Benut de vrije ruimte van 2018 goed. Heeft u nog ruimte in de vrije ruimte? Dan kunt u misschien uw werknemers dit jaar nog belastingvrije vergoedingen of verstrekkingen geven. U kunt een ongebruikt deel van de vrije ruimte namelijk niet doorschuiven naar een volgend jaar.  

Let ook op zaken waarvoor vrijstellingen en nihilwaarderingen bestaan. Hierover is nooit loonbelasting verschuldigd én deze gaan niet ten koste van de vrije ruimte. Dubbel voordeel dus.  

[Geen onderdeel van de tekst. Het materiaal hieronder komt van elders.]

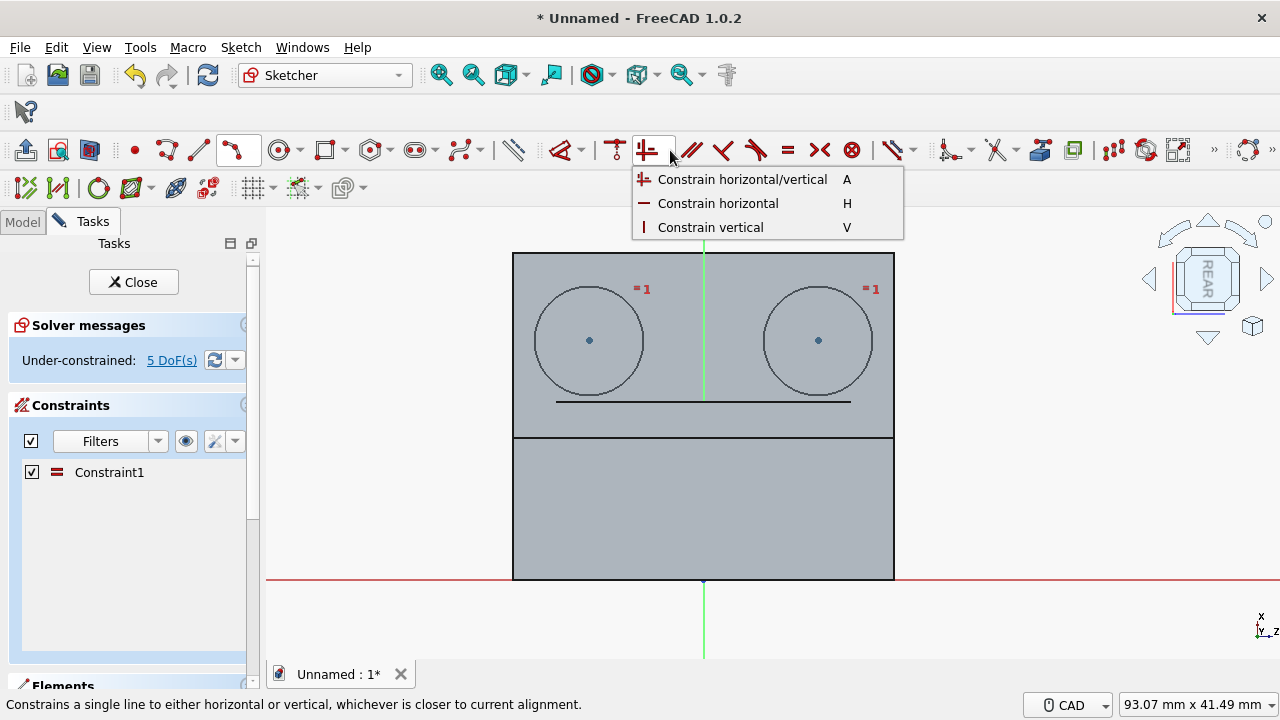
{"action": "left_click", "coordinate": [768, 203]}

Pas eventueel de concernregeling toe. Dan ontstaat in feite een gezamenlijke vrije ruimte die uitgewisseld kan worden tussen concernmaatschappijen.

 

Voorkom belasting over een extra beloning: dividend in plaats van loon  

Drijft u uw onderneming via een bv, en wilt u dit jaar uzelf nog een bonus uitkeren? Door dividend uit te keren in plaats van een bonus, voorkomt u een hogere belasting. Over extra loon moet u namelijk maximaal 51,95% inkomstenbelasting betalen terwijl u over een dividenduitkering gecombineerd maximaal circa 44% belasting betaalt.  

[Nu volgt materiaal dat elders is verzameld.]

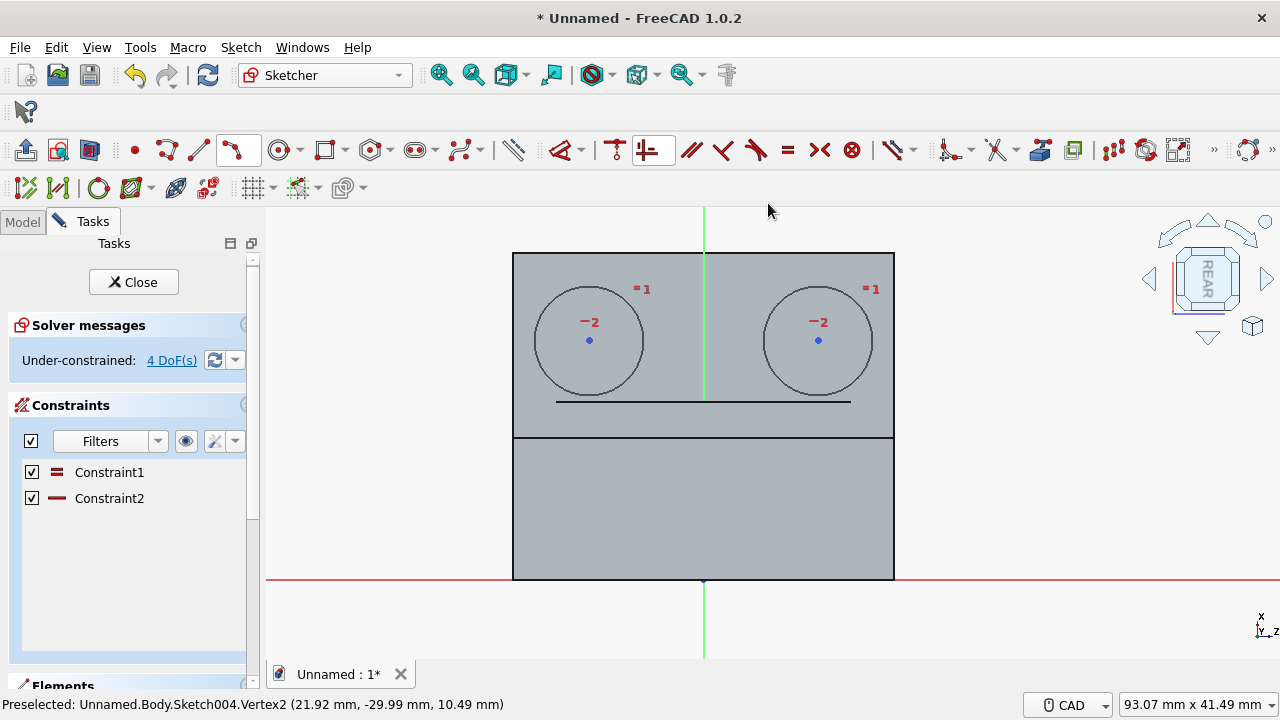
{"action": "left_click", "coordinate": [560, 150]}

Let op: Voor het uitbetalen van dividend moeten wel een balanstest en uitkeringstoets worden verricht. Ga dit altijd na.

 

Beoordeel de toepassing van de DBA  

Het is niet altijd even duidelijk of de persoon die arbeid voor u verricht bij u in (fictieve) dienstbetrekking (loondienst) is dan wel dat er sprake is van een overeenkomst van opdracht. Sinds 1 mei 2016 geldt de Wet deregulering beoordeling arbeidsrelaties (DBA). Die wet biedt u de mogelijkheid om zekerheid te krijgen. Dit kan door de overeenkomst van opdracht ter goedkeuring voor te leggen aan de Belastingdienst of door gebruik te maken van een modelovereenkomst van de website van de Belastingdienst.  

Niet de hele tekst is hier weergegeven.